At 40 MPH, last years floor (not pictured) generated 12.04 lbf of downforce and 2.84 lbf of drag, while this years floor make 9.626 lbf of downforce and 1.708 lbf of drag. This represents reductions of 2.414lbf and 1.132lbf and percentages of 20% and 40% respectively. These is a decrease of 1:.469 in downforce to drag. Because we are decreasing, we would like this ratio to be above 1:2.333, so this years floor is not preforming as well as last years model. This is due to the change in chassis geometry which limited our ability and time to design.


For the final summer design element, images of the Rear Wing are shown below.


Rear Wing

Changes made are as follows

  • V1-2022 Baseline

  • V2-Added Upper 4th Element

    • This is a feature we had seen on a few FSAE cars, and something we know the team looked into in the past. We wanted to run some sims on this configuration to see if we could get it to work for us.
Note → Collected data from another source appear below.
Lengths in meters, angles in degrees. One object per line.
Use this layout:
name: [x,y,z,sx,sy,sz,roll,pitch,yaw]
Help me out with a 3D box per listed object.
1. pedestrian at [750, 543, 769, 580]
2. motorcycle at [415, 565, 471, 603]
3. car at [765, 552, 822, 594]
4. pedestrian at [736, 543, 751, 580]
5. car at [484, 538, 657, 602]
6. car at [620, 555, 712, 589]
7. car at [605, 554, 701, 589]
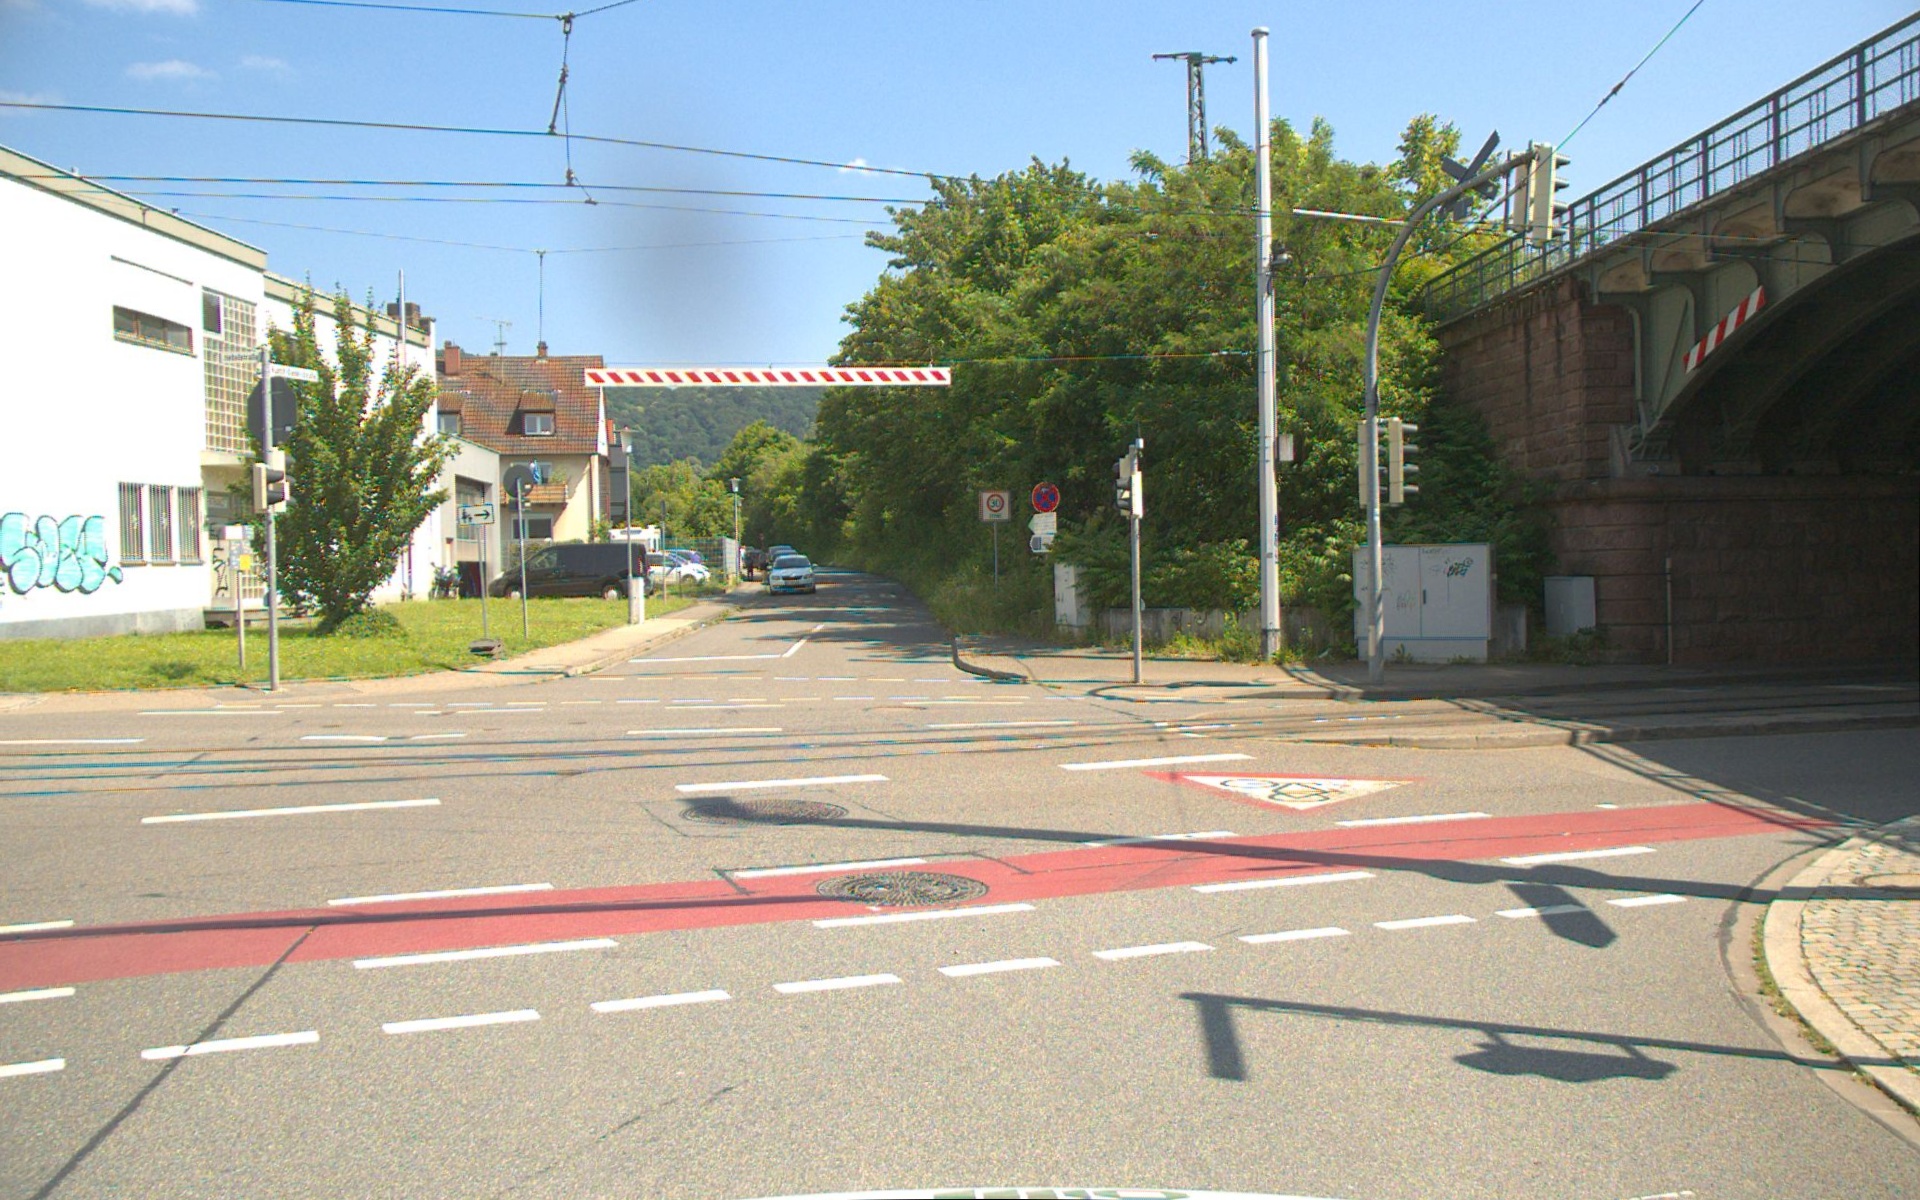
pedestrian: [-9.771,-1.890,80.719,0.858,1.793,0.730,0,0,-4]
motorcycle: [-15.033,-0.451,48.160,0.834,1.050,2.567,0,0,0]
car: [-6.481,-1.074,64.730,2.045,1.536,4.537,0,2,-3]
pedestrian: [-10.598,-1.889,81.036,0.641,1.793,0.803,0,0,-4]
car: [-12.560,-0.974,53.634,5.146,1.847,1.998,-2,1,-5]
car: [-12.487,-1.178,70.429,3.646,1.395,1.604,0,0,-3]
car: [-12.546,-1.153,67.767,3.646,1.395,1.604,0,0,-3]
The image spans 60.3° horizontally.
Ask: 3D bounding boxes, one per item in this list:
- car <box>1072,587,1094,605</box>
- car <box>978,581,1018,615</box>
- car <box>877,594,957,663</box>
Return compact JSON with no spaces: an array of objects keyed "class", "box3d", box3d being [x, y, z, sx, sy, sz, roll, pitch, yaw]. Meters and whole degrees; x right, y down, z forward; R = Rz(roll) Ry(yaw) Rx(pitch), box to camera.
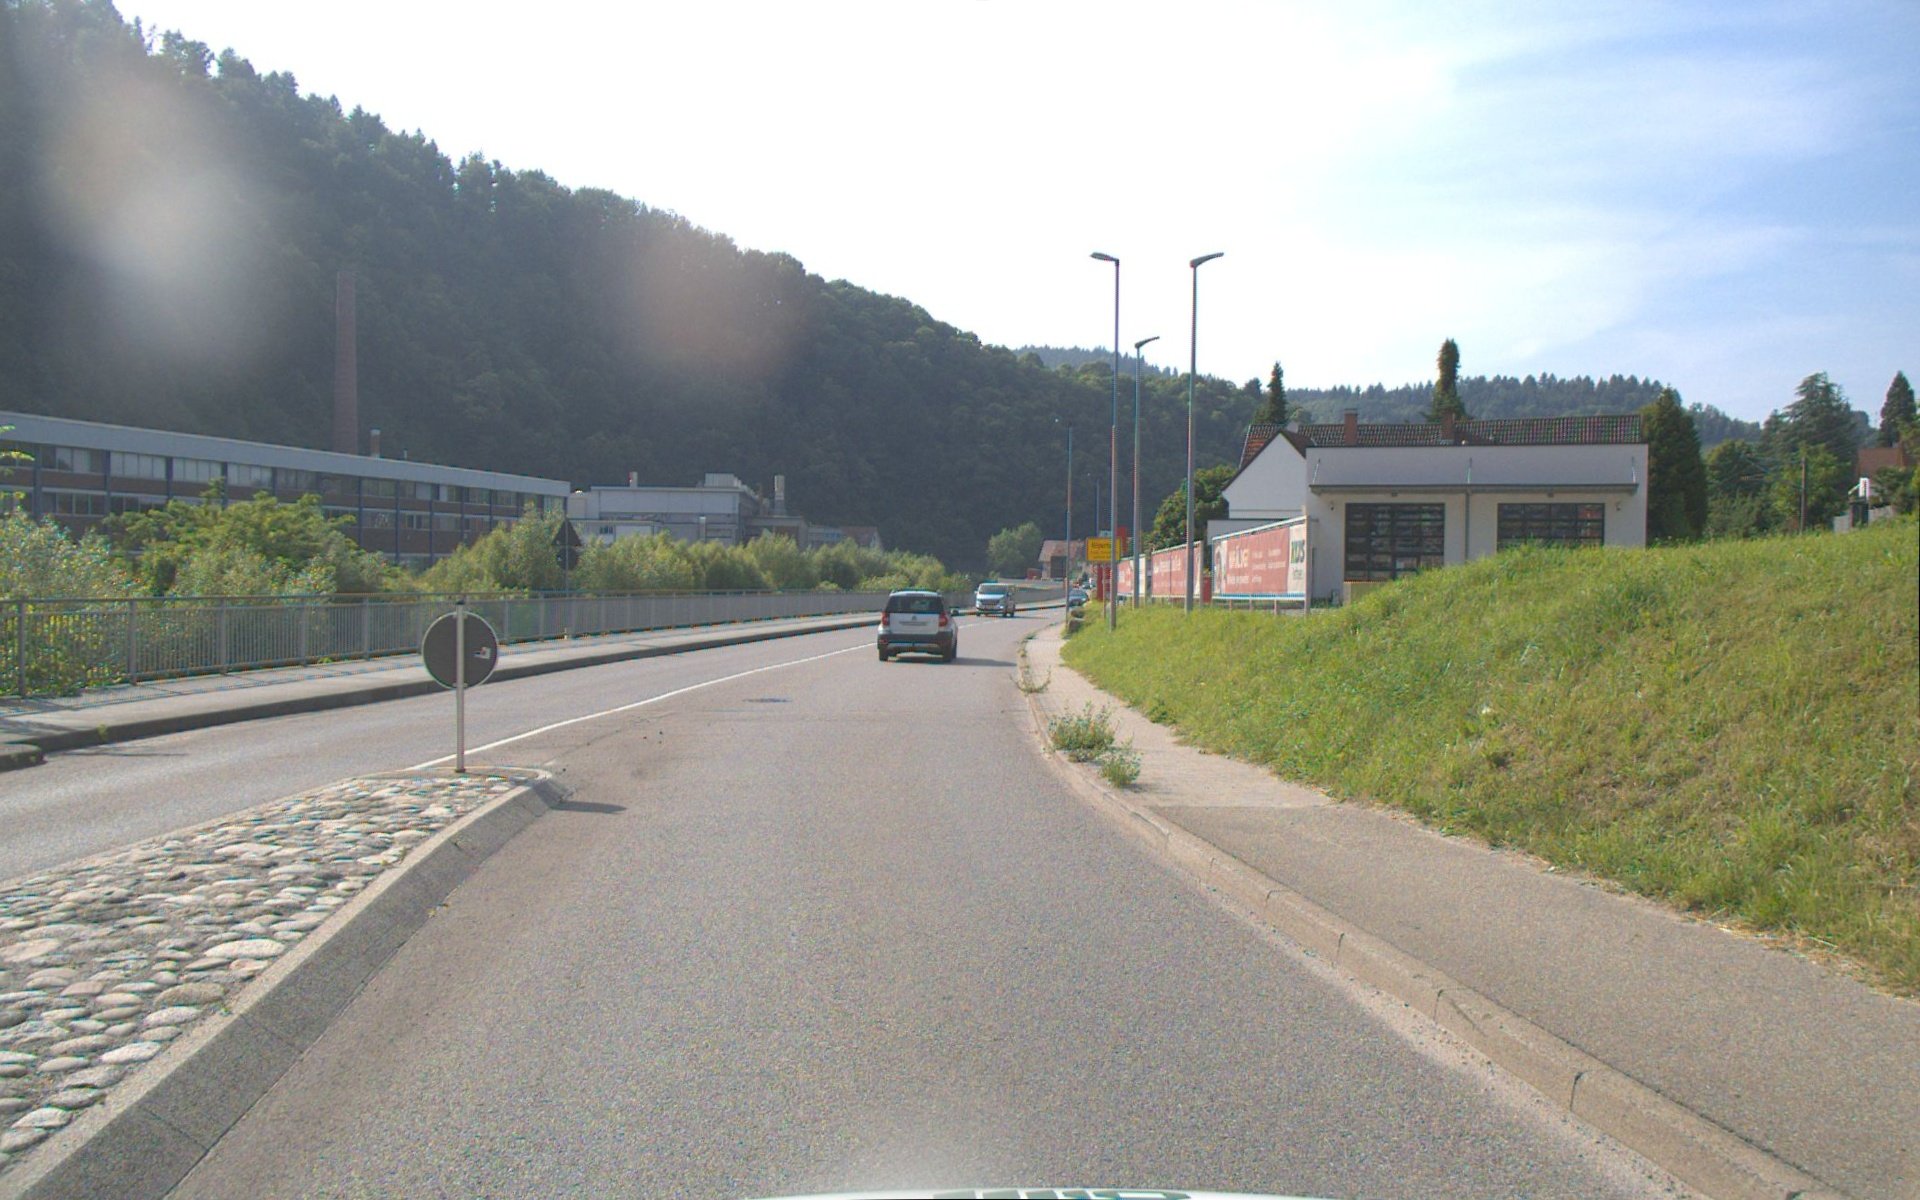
[{"class":"car","box3d":[10.755,-0.338,144.720,1.775,1.510,4.801,1,0,6]},{"class":"car","box3d":[2.315,-0.127,99.932,1.879,2.002,5.150,0,0,7]},{"class":"car","box3d":[-1.019,0.649,40.348,1.823,1.571,4.373,1,0,-1]}]
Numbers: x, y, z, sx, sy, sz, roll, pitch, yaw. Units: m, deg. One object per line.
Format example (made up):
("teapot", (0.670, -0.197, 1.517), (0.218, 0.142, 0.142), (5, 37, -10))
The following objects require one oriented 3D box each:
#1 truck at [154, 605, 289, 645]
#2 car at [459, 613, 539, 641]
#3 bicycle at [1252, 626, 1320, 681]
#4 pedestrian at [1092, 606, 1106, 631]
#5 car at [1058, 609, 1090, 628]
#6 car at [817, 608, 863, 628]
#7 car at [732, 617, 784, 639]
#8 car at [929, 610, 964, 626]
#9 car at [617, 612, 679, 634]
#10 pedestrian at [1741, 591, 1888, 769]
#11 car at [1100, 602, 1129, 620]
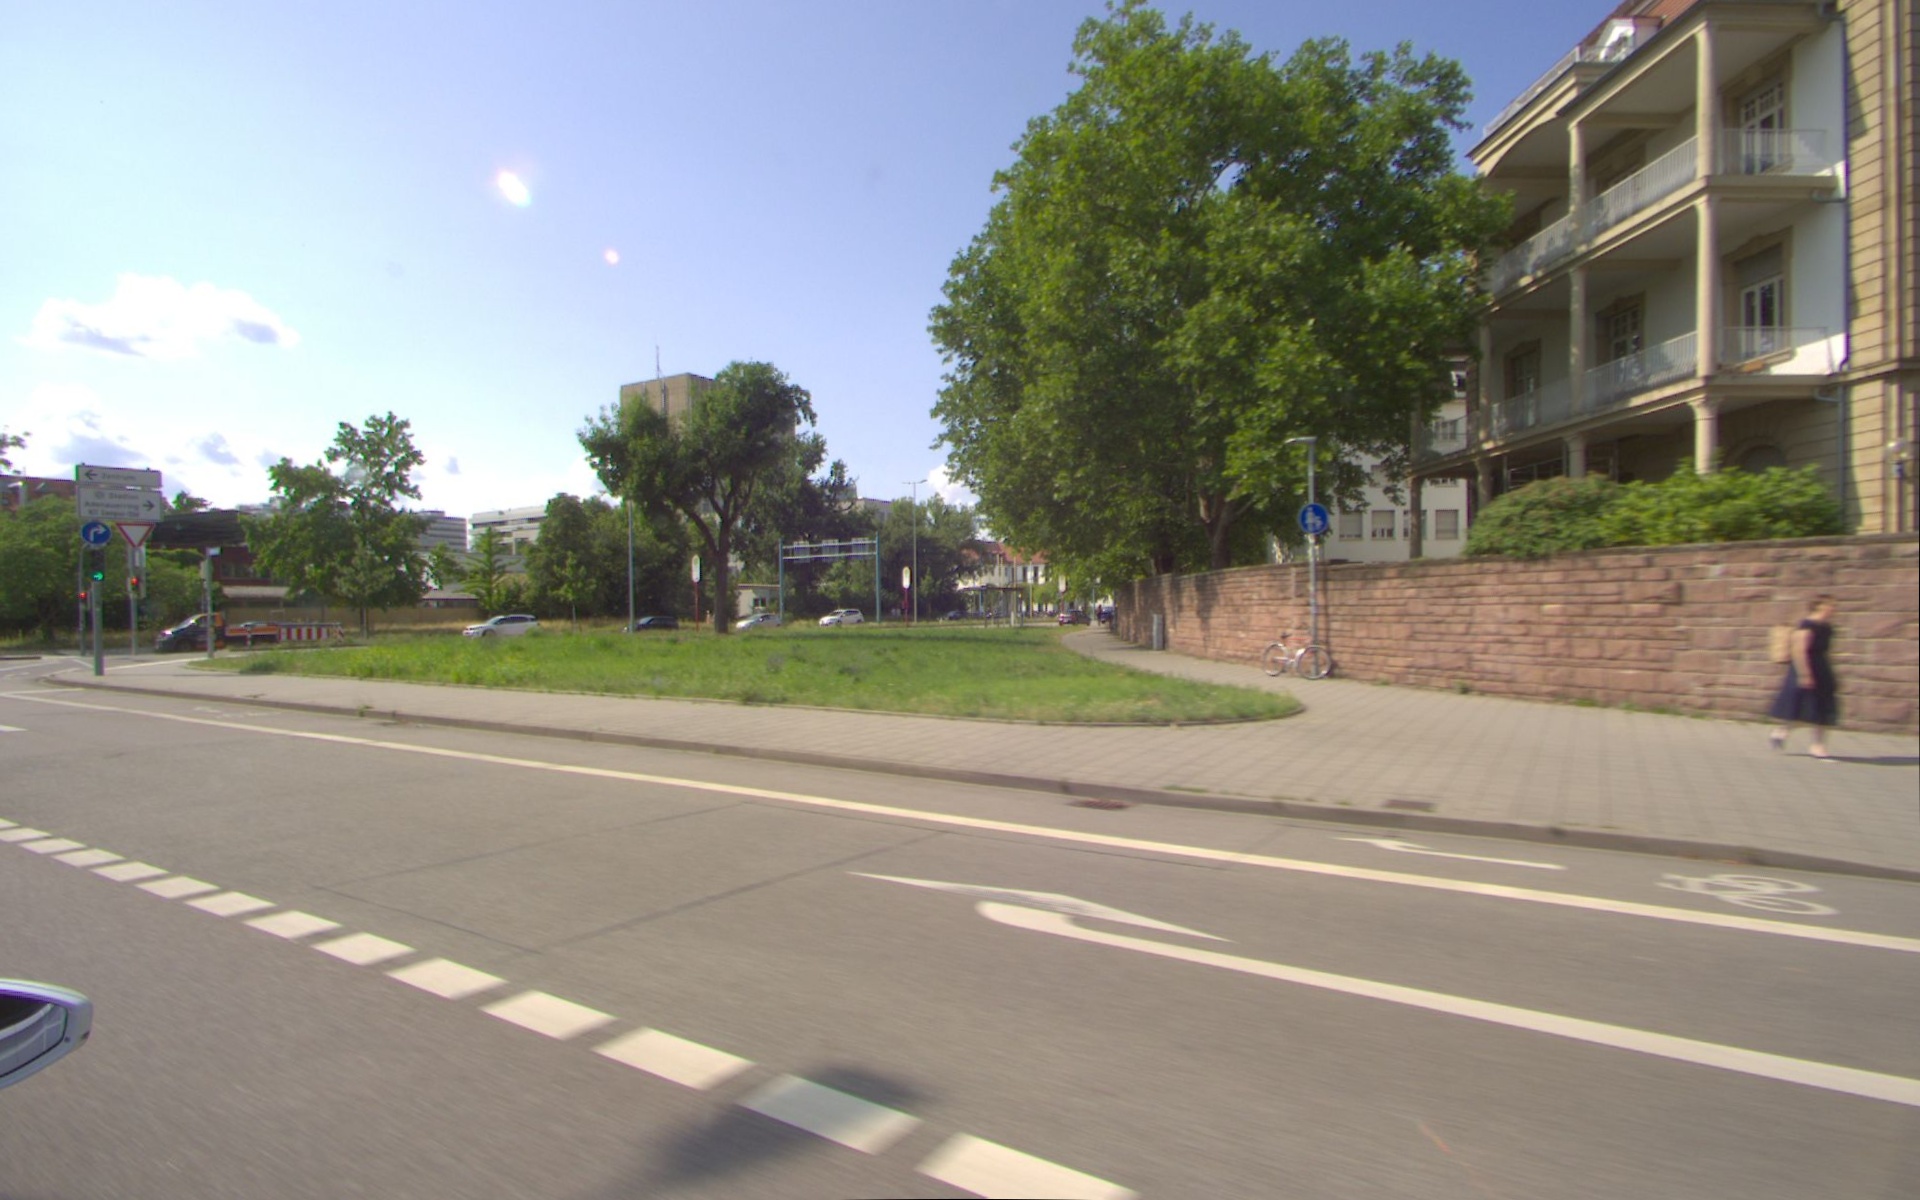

Ultimately, our CFD showed that this element did not add any downforce, and increased the drag. Upon looking at a pressure plot of the car centerline, we saw that the high pressure caused by upper surface of the main element was negating any low pressure created by the new 4th element.

  • V4-Reverted to V1 (Added Swan Necks in simulation)

  • V5-No Change from v4

  • V6-Extended Endplates Lower

    • The goal of extending the endplates lower was to help contain the low pressure zone underneath the wing. Its important that this low pressure zone be protected, as it is a major component in downforce and drag, so keeping it in shape is beneficial in 2 ways. First it makes the low pressure zone larger and therefore stronger. The extension does not interfere with any of the others components on the car, and increases downforce and decreases drag

  • V7-Swapped Airfoils for s1223

    • The Selig 1223 airfoil is a common choice for many FSAE team to use in there wings. We were curious about it, and tried to create a rear wing similar to our current wing in order to compare. FSAE airfoils are often chosen for 2 unique qualities. This first is high stall angle of attack at lower speeds. The second is high coefficient of lift (Seems like this is obvious, but it also usually comes with a drag penalty. Because FSAE operates at low speed and high power to weight ratio, this tradeoff is usually beneficial, and we saw that is our optimum lap simulations and incorporated into our goals for the package). The s1223 airfoil preforms well in both categories.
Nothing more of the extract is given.